Chancellor Maupeou, the Duke of Aiguillou, and the new comptroller-
general, Abbe Terray, a man of capacity, invention, and no scruple at
all, at last succeeded in triumphing over the force of habit, the only
thing that had any real effect upon the king's listless mind. After
twelve years' for a long while undisputed power, after having held in his
hands the whole government of France and the peace of Europe, M. de
Choiseul received from the king on the 24th of December, 1770, a letter
in these terms:--

"Cousin, the dissatisfaction caused me by your services forces me to
banish you to Chanteloup, whither you will repair within twenty-four
hours. I should have sent you much further off, but for the particular
regard I have for Madame de Choiseul, in whose health I feel great
interest. Take care your conduct does not force me to alter my mind.
Whereupon I pray God, cousin, to have you in His holy and worthy
keeping."

The thunderbolt which came striking the Duke of Choiseul called forth a
fresh sign of the times. The fallen minister was surrounded in his
disgrace with marks of esteem and affection on the part of the whole
court. The princes themselves and the greatest lords felt it an honor to
pay him a visit at his castle of Chanteloup. He there displayed a
magnificence which ended by swallowing up his wife's immense fortune,
already much encroached upon during his term of power. Nothing was too
much for the proud devotion and passionate affection of the Duchess of
Choiseul: she declined the personal favors which the king offered her,
setting all her husband's friends the example of a fidelity which was
equally honorable to them and to him.
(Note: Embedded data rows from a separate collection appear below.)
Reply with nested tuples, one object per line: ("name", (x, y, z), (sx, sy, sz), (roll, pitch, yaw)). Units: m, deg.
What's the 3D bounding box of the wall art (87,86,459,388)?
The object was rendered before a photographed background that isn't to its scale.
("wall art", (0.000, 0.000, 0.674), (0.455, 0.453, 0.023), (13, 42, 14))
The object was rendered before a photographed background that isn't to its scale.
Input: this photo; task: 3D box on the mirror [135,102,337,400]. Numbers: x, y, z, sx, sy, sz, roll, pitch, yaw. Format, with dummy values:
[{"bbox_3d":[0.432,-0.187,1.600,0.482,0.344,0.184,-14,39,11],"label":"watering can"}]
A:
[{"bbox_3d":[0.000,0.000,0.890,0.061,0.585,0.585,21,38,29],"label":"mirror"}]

Acute observers read a tale of the
growing weakness of absolute power in the crowd which still flocked to a
minister in disgrace; the Duke of Choiseul remained a power even during a
banishment which was to last as long as his life.
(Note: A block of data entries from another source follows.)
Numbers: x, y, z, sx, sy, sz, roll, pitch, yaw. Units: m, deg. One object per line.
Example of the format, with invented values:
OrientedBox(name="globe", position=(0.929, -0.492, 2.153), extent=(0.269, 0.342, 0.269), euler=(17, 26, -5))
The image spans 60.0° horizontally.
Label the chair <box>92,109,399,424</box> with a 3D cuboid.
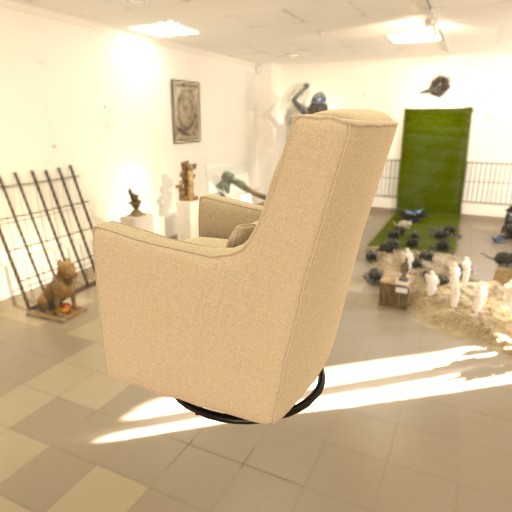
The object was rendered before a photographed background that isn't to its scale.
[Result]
OrientedBox(name="chair", position=(0.000, 0.000, 1.588), extent=(0.879, 0.993, 0.732), euler=(8, 19, 24))
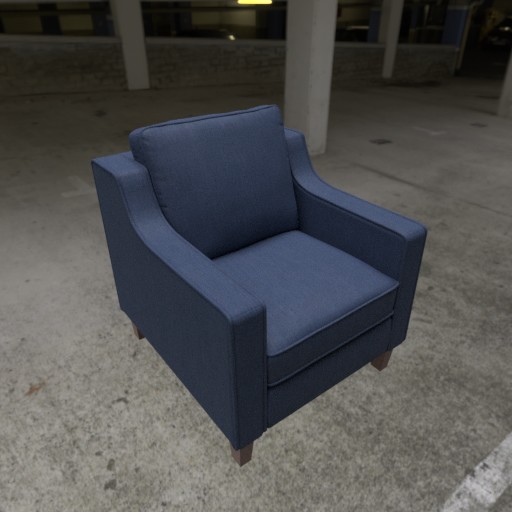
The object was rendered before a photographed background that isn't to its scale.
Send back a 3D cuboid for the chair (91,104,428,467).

With M. de Choiseul disappeared the sturdiest prop of the Parliaments.
In vain had the king ordered the magistrates to resume their functions
and administer justice. "There is nothing left for your Parliament,"
replied the premier president, "but to perish with the laws, since the
fate of the magistrates should go with that of the state." Madame
Dubarry, on a hint from her able advisers, had caused to be placed in her
apartments a fine portrait of Charles I. by Van Dyck. "France," she was
always reiterating to the king with vulgar familiarity, "France, thy
Parliament will cut off thy head too!"

[Illustration: "France, thy Parliament will cut off thy Head too!"--249]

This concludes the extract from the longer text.